The data START
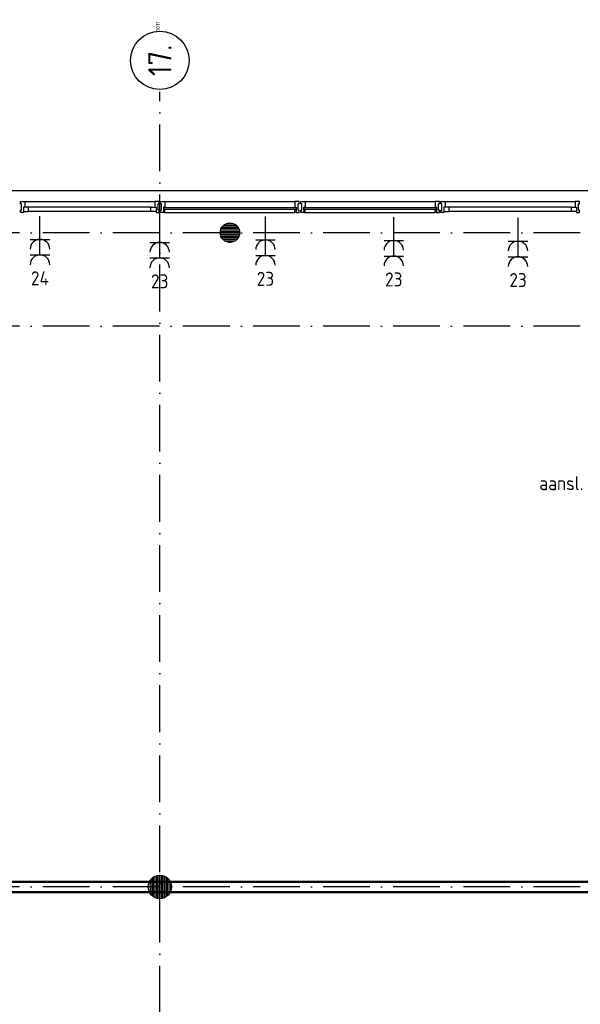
# Model space of a CAD drawing. Header units: millimetres. Extents: x 84333 to 241285, y -2244 to 84291.
# Tile 9 of 74: x 103918 to 111118, y 65270 to 77910. Entities that reach past the tile are written whole.
import ezdxf
from ezdxf.enums import TextEntityAlignment as Align

# ---------------------------------------------------------------- set-up
doc = ezdxf.new("R2010")
doc.units = ezdxf.units.MM
doc.header["$LTSCALE"] = 100
for name, pattern in [('CENTER2', [1.125, 0.75, -0.125, 0.125, -0.125]), ('DASHDOT', [9, 6, -1.5, 0, -1.5]), ('SMALL_DASH', [1.5, 0.5, -1])]:
    doc.linetypes.add(name, pattern=pattern)
doc.layers.get('0').update_dxf_attribs({"linetype": 'CONTINUOUS'})
for name, color, linetype in [('AFDELING', 4, 'CONTINUOUS'), ('AL$7----_STRAMIEN', 1, 'DASHDOT'), ('AL21----_BUITENWAND', 4, 'CONTINUOUS'), ('AL22----_BINNENWAND', 7, 'CONTINUOUS'), ('AL28----_KONSTRUKTIE', 3, 'CONTINUOUS'), ('AL31----_BUITENKOZ', 7, 'CONTINUOUS'), ('ALN-----_BLOCKNAAM', 2, 'CONTINUOUS'), ('ALXAA---_GEWBETON', 12, 'CONTINUOUS'), ('ALXOU---_GLAS', 7, 'CONTINUOUS'), ('EB62209-_ATTRIB', 2, 'CONTINUOUS'), ('EB63103-_ATTRIB', 2, 'CONTINUOUS'), ('EL62209-_KRACHT-ASP400', 3, 'CONTINUOUS'), ('EL63103-_LICHT-WCD230V', 3, 'CONTINUOUS'), ('EL6441--_DATACOM', 3, 'CONTINUOUS'), ('wandgoot bestaand', 30, 'CONTINUOUS')]:
    doc.layers.add(name, color=color, linetype=linetype)
doc.styles.add('1_8', font='ISO', dxfattribs={"height": 1.8})
doc.styles.get("Standard").update_dxf_attribs({"font": 'iso.shx'})
doc.styles.add('TECHNIC', font='technic_.ttf')

# ---------------------------------------------------------------- blocks, each defined once
blk = doc.blocks.new('ES2X2')
for p, q in [((-0.45, 1.4), (-0.45, 2.6)), ((-0.15, 1.27), (-0.15, 2.73)), ((0.15, 1.27), (0.15, 2.73)), ((0.45, 1.4), (0.45, 2.6)), ((0, 1.25), (0, -3))]:
    blk.add_line(p, q)
at = {"color": 1}
for p, q in [((-0.72, -0.21), (-0.72, 0.11)), ((-0.64, -0.25), (-0.64, 0.15)), ((-0.6, 1.15), (-0.6, 0.35)), ((-0.6, 0.75), (0.6, 0.15)), ((-0.56, -0.25), (-0.56, 0.15)), ((-0.48, -0.21), (-0.48, 0.11)), ((-0.6, -0.05), (0.6, -0.65)), ((-0.6, -0.85), (0.6, -1.45)), ((-0.6, -1.25), (0.6, -1.85)), ((-0.6, -1.65), (0.6, -2.25))]:
    blk.add_line(p, q, dxfattribs=at)
blk.add_circle((0, 2), 0.75)
blk.add_circle((-0.6, -0.05), 0.2, dxfattribs=at)
at = {"style": '1_8'}
for tag, flags, p in [('VERMOGEN', 9, (-2.5, 4.5)), ('GROEP', 8, (0, 4.5)), ('SCHAK', 8, (2.5, 4.5)), ('KAST', 9, (7, 4.5)), ('DOEL', 8, (-2.5, 1))]:
    blk.add_attdef(tag, text='', height=1.8, rotation=90, dxfattribs=dict(at, flags=flags)).set_placement(p, align=Align.MIDDLE_LEFT)
at = {"style": '1_8', "flags": 8}
blk.add_attdef('TAL', text='', height=1.8, rotation=90, dxfattribs=at).set_placement((2.5, 4.5), align=Align.MIDDLE_CENTER)
at = {"style": '1_8', "flags": 9}
blk.add_attdef('M_CODE', text='', height=1.8, dxfattribs=at).set_placement((0, 0), align=Align.MIDDLE_CENTER)
blk = doc.blocks.new('ES3W2A')
for p, q in [((1.25, 2), (-1.25, 2)), ((0, 2), (0, -3)), ((1.25, 0), (-1.25, 0))]:
    blk.add_line(p, q)
for centre in [(0, 3.25), (0, 1.25)]:
    blk.add_arc(centre, 1.25, 180, 0)
at = {"style": '1_8'}
for tag, flags, p in [('VERMOGEN', 9, (-2.5, 5)), ('GROEP', 8, (0, 5)), ('SCHAK', 8, (2.5, 5)), ('GELIJK', 9, (5, 5)), ('KAST', 9, (7, 5)), ('TAL', 8, (2.5, 5))]:
    blk.add_attdef(tag, text='', height=1.8, rotation=90, dxfattribs=dict(at, flags=flags)).set_placement(p, align=Align.MIDDLE_CENTER)
at = {"style": '1_8', "width": 0.7, "flags": 8}
blk.add_attdef('DOEL', text='', height=1.8, rotation=90, dxfattribs=at).set_placement((-2.5, 5), align=Align.MIDDLE_LEFT)
at = {"style": '1_8', "flags": 9}
blk.add_attdef('M_CODE', text='', height=1.8, dxfattribs=at).set_placement((0, 0), align=Align.MIDDLE_CENTER)
blk = doc.blocks.new('1011')
at = {"layer": 'AL$7----_STRAMIEN', "color": 7, "linetype": 'Continuous'}
blk.add_circle((-750, 0), 750, dxfattribs=at)
at = {"layer": 'AL$7----_STRAMIEN', "color": 3, "linetype": 'Continuous'}
blk.add_attdef('STR-NAAM', text='', height=600, rotation=360, dxfattribs=at).set_placement((-750, 0), align=Align.MIDDLE)
at = {"layer": 'ALN-----_BLOCKNAAM', "linetype": 'Continuous'}
blk.add_text('1011', height=100, dxfattribs=at).set_placement((0, 0))
blk = doc.blocks.new('A$C13e6995e')
at = {"layer": 'AL$7----_STRAMIEN', "color": 1}
for p, q in [((21385, 50307), (21385, 79228)), ((46585, 77420), (9657, 77420)), ((46585, 76220), (9657, 76220)), ((46585, 69020), (9657, 69020))]:
    blk.add_line(p, q, dxfattribs=at)
at = {"layer": 'AL21----_BUITENWAND', "color": 8}
blk.add_line((13645, 77960), (47125, 77960), dxfattribs=at)
at = {"layer": 'AL22----_BINNENWAND', "color": 8}
for p, q in [((15278, 69095), (28510, 69095)), ((28510, 68945), (15278, 68945))]:
    blk.add_line(p, q, dxfattribs=at)
at = {"layer": 'AL22----_BINNENWAND', "color": 8, "linetype": 'Continuous'}
for p, q in [((15278, 69080), (28510, 69080)), ((15278, 68960), (28510, 68960))]:
    blk.add_line(p, q, dxfattribs=at)
at = {"layer": 'AL28----_KONSTRUKTIE', "color": 8}
for centre, radius in [((22285, 77420), 125), ((21385, 69020), 150)]:
    blk.add_circle(centre, radius, dxfattribs=at)
at = {"layer": 'AL31----_BUITENKOZ', "color": 8, "linetype": 'Continuous'}
for p, q in [((19594, 77813), (19594, 77819)), ((19594, 77819), (19613, 77819)), ((19594, 77800), (19594, 77813)), ((19594, 77790), (19594, 77800)), ((19594, 77800), (19594, 77800)), ((19608, 77790), (19594, 77790)), ((19608, 77710), (19608, 77790)), ((19613, 77819), (19650, 77819)), ((19650, 77747), (19633, 77747)), ((19633, 77747), (19633, 77680)), ((19633, 77747), (19633, 77693)), ((19700, 77747), (19633, 77747)), ((19650, 77819), (19650, 77812)), ((19650, 77812), (19650, 77808)), ((19650, 77808), (19650, 77800)), ((19650, 77800), (19650, 77747)), ((19700, 77693), (19700, 77747)), ((21270, 77693), (21270, 77747)), ((21270, 77747), (21337, 77747)), ((21357, 77819), (21320, 77819)), ((21320, 77819), (21320, 77812)), ((21320, 77812), (21320, 77808)), ((21320, 77808), (21320, 77800)), ((21320, 77800), (21320, 77747)), ((21320, 77747), (21337, 77747)), ((21337, 77747), (21337, 77680)), ((21337, 77747), (21337, 77693)), ((21376, 77819), (21357, 77819)), ((21362, 77710), (21362, 77790)), ((21362, 77790), (21376, 77790)), ((21376, 77813), (21376, 77819)), ((21376, 77799), (21376, 77813)), ((21376, 77790), (21376, 77799)), ((21376, 77799), (21376, 77799)), ((21394, 77813), (21394, 77819)), ((21394, 77819), (21413, 77819)), ((21394, 77800), (21394, 77813)), ((21394, 77790), (21394, 77800)), ((21394, 77800), (21394, 77800)), ((21408, 77790), (21394, 77790)), ((21408, 77710), (21408, 77790)), ((21413, 77819), (21450, 77819)), ((21450, 77747), (21433, 77747)), ((21433, 77747), (21433, 77680)), ((21450, 77819), (21450, 77812)), ((21450, 77812), (21450, 77808)), ((21450, 77808), (21450, 77800)), ((21450, 77800), (21450, 77747)), ((23157, 77819), (23120, 77819)), ((23120, 77819), (23120, 77812)), ((23120, 77812), (23120, 77808)), ((23120, 77808), (23120, 77800)), ((23120, 77800), (23120, 77747)), ((23120, 77747), (23137, 77747)), ((23137, 77747), (23137, 77680)), ((23176, 77819), (23157, 77819)), ((23162, 77710), (23162, 77790)), ((23162, 77790), (23176, 77790)), ((23176, 77813), (23176, 77819)), ((23176, 77799), (23176, 77813)), ((23176, 77790), (23176, 77799)), ((23176, 77799), (23176, 77799)), ((23194, 77813), (23194, 77819)), ((23194, 77819), (23213, 77819)), ((23194, 77800), (23194, 77813)), ((23194, 77790), (23194, 77800)), ((23194, 77800), (23194, 77800)), ((23208, 77790), (23194, 77790)), ((23208, 77710), (23208, 77790)), ((23213, 77819), (23250, 77819)), ((23250, 77747), (23233, 77747)), ((23233, 77747), (23233, 77680)), ((23250, 77819), (23250, 77812)), ((23250, 77812), (23250, 77808)), ((23250, 77808), (23250, 77800)), ((23250, 77800), (23250, 77747)), ((24957, 77819), (24920, 77819)), ((24920, 77819), (24920, 77812)), ((24920, 77812), (24920, 77808)), ((24920, 77808), (24920, 77800)), ((24920, 77800), (24920, 77747)), ((24920, 77747), (24937, 77747)), ((24937, 77747), (24937, 77680)), ((24976, 77819), (24957, 77819)), ((24962, 77710), (24962, 77790)), ((24962, 77790), (24976, 77790)), ((24976, 77813), (24976, 77819)), ((24976, 77799), (24976, 77813)), ((24976, 77790), (24976, 77799)), ((24976, 77799), (24976, 77799)), ((24994, 77813), (24994, 77819)), ((24994, 77819), (25013, 77819)), ((24994, 77800), (24994, 77813)), ((24994, 77790), (24994, 77800)), ((24994, 77800), (24994, 77800)), ((25008, 77790), (24994, 77790)), ((25008, 77710), (25008, 77790)), ((25013, 77819), (25050, 77819)), ((25050, 77747), (25033, 77747)), ((25033, 77747), (25033, 77680)), ((25033, 77747), (25033, 77693)), ((25100, 77747), (25033, 77747)), ((25050, 77819), (25050, 77812)), ((25050, 77812), (25050, 77808)), ((25050, 77808), (25050, 77800)), ((25050, 77800), (25050, 77747)), ((25100, 77693), (25100, 77747)), ((26670, 77693), (26670, 77747)), ((26670, 77747), (26737, 77747)), ((26757, 77819), (26720, 77819)), ((26720, 77819), (26720, 77812)), ((26720, 77812), (26720, 77808)), ((26720, 77808), (26720, 77800)), ((26720, 77800), (26720, 77747)), ((26720, 77747), (26737, 77747)), ((26737, 77747), (26737, 77680)), ((26737, 77747), (26737, 77693)), ((26776, 77819), (26757, 77819)), ((26762, 77710), (26762, 77790)), ((26762, 77790), (26776, 77790)), ((26776, 77813), (26776, 77819)), ((26776, 77799), (26776, 77813)), ((26776, 77790), (26776, 77799)), ((26776, 77799), (26776, 77799)), ((19594, 77700), (19594, 77710)), ((19594, 77710), (19608, 77710)), ((19594, 77686), (19594, 77700)), ((19594, 77700), (19594, 77700)), ((19594, 77680), (19594, 77686)), ((19633, 77680), (19594, 77680)), ((19633, 77693), (19700, 77693)), ((21337, 77693), (21270, 77693)), ((21337, 77680), (21376, 77680)), ((21376, 77710), (21362, 77710)), ((21376, 77700), (21376, 77710)), ((21376, 77686), (21376, 77700)), ((21376, 77700), (21376, 77700)), ((21376, 77680), (21376, 77686)), ((21394, 77700), (21394, 77710)), ((21394, 77710), (21408, 77710)), ((21394, 77686), (21394, 77700)), ((21394, 77700), (21394, 77700)), ((21394, 77680), (21394, 77686)), ((21433, 77680), (21394, 77680)), ((21433, 77717), (21433, 77685)), ((21450, 77717), (21433, 77717)), ((21433, 77685), (21438, 77685)), ((21438, 77685), (21438, 77680)), ((21438, 77680), (21450, 77680)), ((21450, 77680), (21450, 77717)), ((23120, 77680), (23120, 77717)), ((23120, 77717), (23137, 77717)), ((23132, 77680), (23120, 77680)), ((23137, 77685), (23132, 77685)), ((23132, 77685), (23132, 77680)), ((23137, 77717), (23137, 77685)), ((23137, 77680), (23176, 77680)), ((23176, 77710), (23162, 77710)), ((23176, 77700), (23176, 77710)), ((23176, 77686), (23176, 77700)), ((23176, 77700), (23176, 77700)), ((23176, 77680), (23176, 77686)), ((23194, 77700), (23194, 77710)), ((23194, 77710), (23208, 77710)), ((23194, 77686), (23194, 77700)), ((23194, 77700), (23194, 77700)), ((23194, 77680), (23194, 77686)), ((23233, 77680), (23194, 77680)), ((23233, 77717), (23233, 77685)), ((23250, 77717), (23233, 77717)), ((23233, 77685), (23238, 77685)), ((23238, 77685), (23238, 77680)), ((23238, 77680), (23250, 77680)), ((23250, 77680), (23250, 77717)), ((24920, 77680), (24920, 77717)), ((24920, 77717), (24937, 77717)), ((24932, 77680), (24920, 77680)), ((24937, 77685), (24932, 77685)), ((24932, 77685), (24932, 77680)), ((24937, 77717), (24937, 77685)), ((24937, 77680), (24976, 77680)), ((24976, 77710), (24962, 77710)), ((24976, 77700), (24976, 77710)), ((24976, 77686), (24976, 77700)), ((24976, 77700), (24976, 77700)), ((24976, 77680), (24976, 77686)), ((24994, 77700), (24994, 77710)), ((24994, 77710), (25008, 77710)), ((24994, 77686), (24994, 77700)), ((24994, 77700), (24994, 77700)), ((24994, 77680), (24994, 77686)), ((25033, 77680), (24994, 77680)), ((25033, 77693), (25100, 77693)), ((26737, 77693), (26670, 77693)), ((26737, 77680), (26776, 77680)), ((26776, 77710), (26762, 77710)), ((26776, 77700), (26776, 77710)), ((26776, 77686), (26776, 77700)), ((26776, 77700), (26776, 77700)), ((26776, 77680), (26776, 77686))]:
    blk.add_line(p, q, dxfattribs=at)
at = {"layer": 'AL31----_BUITENKOZ', "color": 8}
for p, q in [((19650, 77819), (21320, 77819)), ((21270, 77747), (19700, 77747)), ((21450, 77819), (23120, 77819)), ((23250, 77819), (24920, 77819)), ((25050, 77819), (26720, 77819)), ((26670, 77747), (25100, 77747)), ((21270, 77693), (19700, 77693)), ((21450, 77680), (23120, 77680)), ((23250, 77680), (24920, 77680)), ((26670, 77693), (25100, 77693))]:
    blk.add_line(p, q, dxfattribs=at)
at = {"layer": 'ALXAA---_GEWBETON', "color": 8}
for p, q in [((22185, 77496), (22384, 77496)), ((22205, 77516), (22365, 77516)), ((22238, 77536), (22332, 77536)), ((22160, 77416), (22410, 77416)), ((22161, 77436), (22409, 77436)), ((22162, 77396), (22408, 77396)), ((22165, 77456), (22405, 77456)), ((22168, 77376), (22402, 77376)), ((22173, 77476), (22397, 77476)), ((22178, 77356), (22392, 77356)), ((22193, 77336), (22377, 77336)), ((22216, 77316), (22354, 77316)), ((22272, 77296), (22298, 77296)), ((21305, 68893), (21305, 69147)), ((21325, 68883), (21325, 69158)), ((21345, 68875), (21345, 69165)), ((21365, 68871), (21365, 69169)), ((21385, 68870), (21385, 69170)), ((21405, 68871), (21405, 69169)), ((21425, 68875), (21425, 69165)), ((21445, 68883), (21445, 69158)), ((21465, 68893), (21465, 69147)), ((21265, 68930), (21265, 69110)), ((21285, 68908), (21285, 69132)), ((21485, 68908), (21485, 69132)), ((21505, 68930), (21505, 69110)), ((21525, 68966), (21525, 69074))]:
    blk.add_line(p, q, dxfattribs=at)
at = {"layer": 'ALXOU---_GLAS', "color": 8}
for p, q in [((21435, 77719), (21435, 77745)), ((21435, 77745), (23135, 77745)), ((23135, 77745), (23135, 77719)), ((23235, 77719), (23235, 77745)), ((23235, 77745), (24935, 77745)), ((24935, 77745), (24935, 77719)), ((23135, 77719), (21435, 77719)), ((24935, 77719), (23235, 77719))]:
    blk.add_line(p, q, dxfattribs=at)
at = {"layer": 'AL$7----_STRAMIEN', "xscale": 0.5, "yscale": 0.5, "zscale": 0.5, "rotation": 90.00000000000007}
blk.add_blockref('1011', (21385, 80007), dxfattribs=at).add_auto_attribs({'STR-NAAM': '17.'})
at = {"layer": 'AFDELING', "color": 8, "style": 'TECHNIC'}
for p in [(92219, 54468), (58038, 41625), (88108, 41444)]:
    blk.add_attdef('VIDE', text='', height=500, dxfattribs=at).set_placement(p, align=Align.CENTER)
blk.add_attdef('VIDE', text='', height=500, rotation=90, dxfattribs=at).set_placement((75129, 25766), align=Align.CENTER)
blk = doc.blocks.new('*U99')
at = {"color": 0, "linetype": 'SMALL_DASH', "ltscale": 100}
for p, q in [((0, 32, -1100), (14418, 32, -1100)), ((0, -32, -1100), (14418, -32, -1100))]:
    blk.add_line(p, q, dxfattribs=at)
at = {"color": 2, "linetype": 'CENTER2', "ltscale": 100}
for tag in ['CODE', 'POSITIONCODE', 'SECTIONCODE']:
    blk.add_attdef(tag, (0, 0), '', height=1.8, dxfattribs=at)

msp = doc.modelspace()

# ---------------------------------------------------------------- block references
at = {"layer": 'EL62209-_KRACHT-ASP400'}
ref = msp.add_blockref('ES2X2', (112315, 72174), dxfattribs=dict(at, xscale=-100, yscale=100, zscale=100, rotation=270))
ref.add_attrib('DOEL', 'AIRCO ', dxfattribs={"layer": 'EB62209-_ATTRIB', "color": 1, "height": 180, "style": '1_8', "flags": 8}).set_placement((112080, 72175), align=Align.MIDDLE_RIGHT)
ref.add_attrib('GROEP', 'LK12-K06', dxfattribs={"layer": 'EB62209-_ATTRIB', "color": 1, "height": 180, "style": '1_8', "flags": 8}).set_placement((112564, 72453), align=Align.MIDDLE_RIGHT)
ref.add_attrib('SCHAK', 'aansl. op dak 1e-verd.', dxfattribs={"layer": 'EB62209-_ATTRIB', "color": 1, "height": 180, "style": '1_8', "flags": 8}).set_placement((112852, 71960), align=Align.MIDDLE_RIGHT)
at = {"layer": 'EL63103-_LICHT-WCD230V'}
ref = msp.add_blockref('ES3W2A', (104178, 75090, 1050), dxfattribs=dict(at, xscale=100, yscale=100, zscale=100, rotation=180))
ref.add_attrib('GROEP', '24', dxfattribs={"layer": 'EB63103-_ATTRIB', "color": 1, "height": 180, "style": '1_8', "flags": 8}).set_placement((104178, 74590, 1050), align=Align.MIDDLE_CENTER)
ref = msp.add_blockref('ES3W2A', (105716, 75051, 1050), dxfattribs=dict(at, xscale=100, yscale=100, zscale=100, rotation=180))
ref.add_attrib('GROEP', '23', dxfattribs={"layer": 'EB63103-_ATTRIB', "color": 1, "height": 180, "style": '1_8', "flags": 8}).set_placement((105716, 74551, 1050), align=Align.MIDDLE_CENTER)
ref = msp.add_blockref('ES3W2A', (107074, 75083, 1050), dxfattribs=dict(at, xscale=100, yscale=100, zscale=100, rotation=180))
ref.add_attrib('GROEP', '23', dxfattribs={"layer": 'EB63103-_ATTRIB', "color": 1, "height": 180, "style": '1_8', "flags": 8}).set_placement((107074, 74583, 1050), align=Align.MIDDLE_CENTER)
ref = msp.add_blockref('ES3W2A', (108722, 75075, 1050), dxfattribs=dict(at, xscale=100, yscale=100, zscale=100, rotation=180))
ref.add_attrib('GROEP', '23', dxfattribs={"layer": 'EB63103-_ATTRIB', "color": 1, "height": 180, "style": '1_8', "flags": 8}).set_placement((108722, 74575, 1050), align=Align.MIDDLE_CENTER)
ref = msp.add_blockref('ES3W2A', (110318, 75067, 1050), dxfattribs=dict(at, xscale=100, yscale=100, zscale=100, rotation=180))
ref.add_attrib('GROEP', '23', dxfattribs={"layer": 'EB63103-_ATTRIB', "color": 1, "height": 180, "style": '1_8', "flags": 8}).set_placement((110318, 74567, 1050), align=Align.MIDDLE_CENTER)
at = {"layer": 'EL6441--_DATACOM'}
msp.add_blockref('A$C13e6995e', (84333, -2244), dxfattribs=at)
at = {"layer": 'wandgoot bestaand', "linetype": 'SMALL_DASH', "ltscale": 100}
msp.add_blockref('*U99', (98435, 75402, 1100), dxfattribs=at)

doc.saveas('drawing.dxf')
The data END
What is being asked
Please report every line in the entries above that holds the string "VIDE".

Finished exercise
    blk.add_attdef('VIDE', text='', height=500, dxfattribs=at).set_placement(p, align=Align.CENTER)
blk.add_attdef('VIDE', text='', height=500, rotation=90, dxfattribs=at).set_placement((75129, 25766), align=Align.CENTER)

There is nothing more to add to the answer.